» **Exercise material**:
□ □ □ □ □ □ □
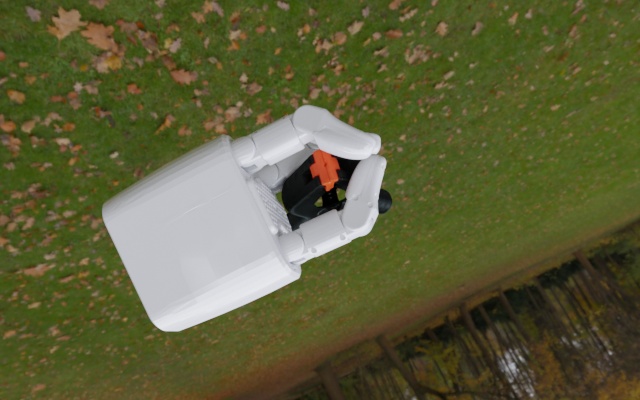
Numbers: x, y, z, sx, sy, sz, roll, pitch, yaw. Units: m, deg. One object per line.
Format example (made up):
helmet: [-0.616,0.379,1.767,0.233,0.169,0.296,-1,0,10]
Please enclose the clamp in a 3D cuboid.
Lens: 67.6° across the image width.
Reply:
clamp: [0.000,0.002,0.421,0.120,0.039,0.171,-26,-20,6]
□ □ □ □ □ □ □
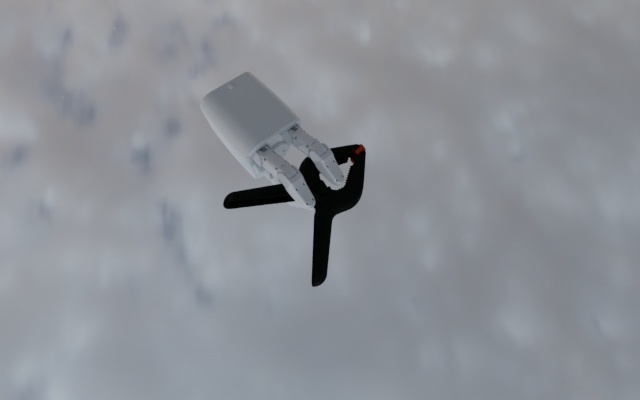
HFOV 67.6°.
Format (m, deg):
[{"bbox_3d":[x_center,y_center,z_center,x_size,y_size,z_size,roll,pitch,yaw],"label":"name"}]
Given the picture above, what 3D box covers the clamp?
□ □ □ □ □ □ □
» **Problem statement**:
Whenever a line above includes the string "roll", copy it.

» **Your solution**:
Numbers: x, y, z, sx, sy, sz, roll, pitch, yaw. Units: m, deg. One object per line.
[{"bbox_3d":[x_center,y_center,z_center,x_size,y_size,z_size,roll,pitch,yaw],"label":"name"}]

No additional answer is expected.